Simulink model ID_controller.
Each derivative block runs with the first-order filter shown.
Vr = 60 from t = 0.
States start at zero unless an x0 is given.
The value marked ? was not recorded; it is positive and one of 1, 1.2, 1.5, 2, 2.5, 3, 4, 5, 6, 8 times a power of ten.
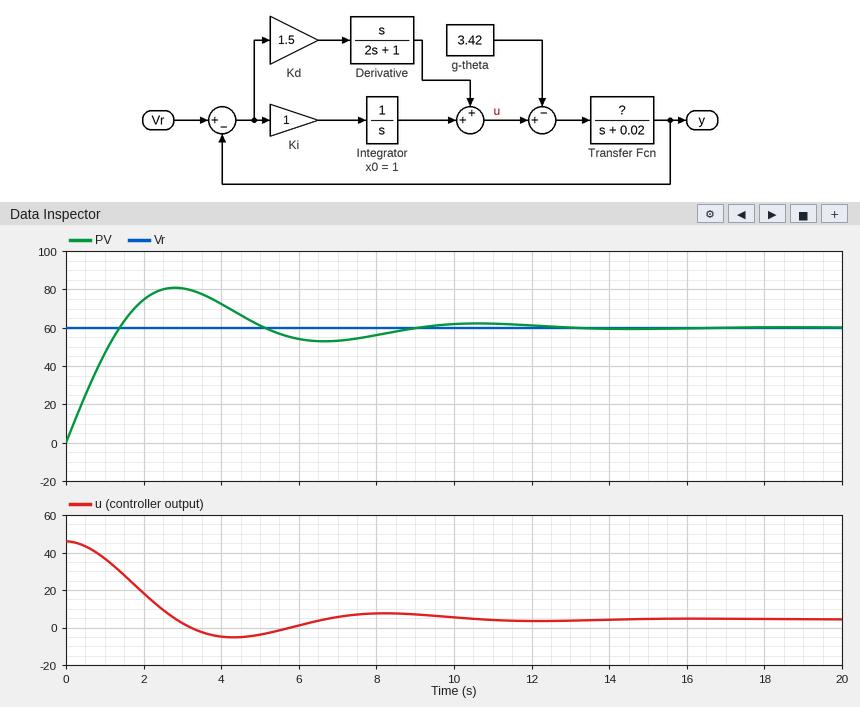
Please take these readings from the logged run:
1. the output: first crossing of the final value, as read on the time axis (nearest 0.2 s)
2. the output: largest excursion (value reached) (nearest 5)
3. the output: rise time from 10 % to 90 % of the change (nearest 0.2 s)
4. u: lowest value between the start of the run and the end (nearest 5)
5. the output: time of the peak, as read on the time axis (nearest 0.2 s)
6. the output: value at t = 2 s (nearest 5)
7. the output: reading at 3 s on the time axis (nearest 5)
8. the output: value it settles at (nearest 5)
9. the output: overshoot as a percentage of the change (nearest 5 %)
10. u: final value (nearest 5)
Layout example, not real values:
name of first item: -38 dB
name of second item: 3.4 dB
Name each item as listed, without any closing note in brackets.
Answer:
the output: first crossing of the final value, as read on the time axis: 1.4 s
the output: largest excursion (value reached): 80
the output: rise time from 10 % to 90 % of the change: 1.0 s
u: lowest value between the start of the run and the end: -5
the output: time of the peak, as read on the time axis: 2.8 s
the output: value at t = 2 s: 75
the output: reading at 3 s on the time axis: 80
the output: value it settles at: 60
the output: overshoot as a percentage of the change: 35 %
u: final value: 5
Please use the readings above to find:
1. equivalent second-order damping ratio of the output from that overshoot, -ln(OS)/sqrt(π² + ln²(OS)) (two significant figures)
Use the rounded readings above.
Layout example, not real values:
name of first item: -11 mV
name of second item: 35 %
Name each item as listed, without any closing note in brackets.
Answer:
equivalent second-order damping ratio of the output from that overshoot, -ln(OS)/sqrt(π² + ln²(OS)): 0.32
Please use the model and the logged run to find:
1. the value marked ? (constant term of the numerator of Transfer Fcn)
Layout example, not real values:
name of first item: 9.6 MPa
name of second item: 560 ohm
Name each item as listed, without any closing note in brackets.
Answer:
the value marked ?: 1.2
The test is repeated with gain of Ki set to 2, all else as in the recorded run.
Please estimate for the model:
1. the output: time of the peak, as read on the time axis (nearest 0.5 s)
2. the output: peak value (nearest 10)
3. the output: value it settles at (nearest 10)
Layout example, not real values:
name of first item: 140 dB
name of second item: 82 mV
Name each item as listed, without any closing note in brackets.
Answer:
the output: time of the peak, as read on the time axis: 2.0 s
the output: peak value: 90
the output: value it settles at: 60
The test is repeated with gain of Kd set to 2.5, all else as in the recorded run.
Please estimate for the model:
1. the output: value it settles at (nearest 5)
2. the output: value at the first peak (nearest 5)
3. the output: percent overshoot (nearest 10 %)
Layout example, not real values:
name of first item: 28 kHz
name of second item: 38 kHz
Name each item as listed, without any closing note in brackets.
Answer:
the output: value it settles at: 60
the output: value at the first peak: 70
the output: percent overshoot: 20 %

━━━━━━━━━━

Which of the lines in the data contain the string "logged"? Return each one.

» **Exercise result**:
Please take these readings from the logged run:
Please use the model and the logged run to find:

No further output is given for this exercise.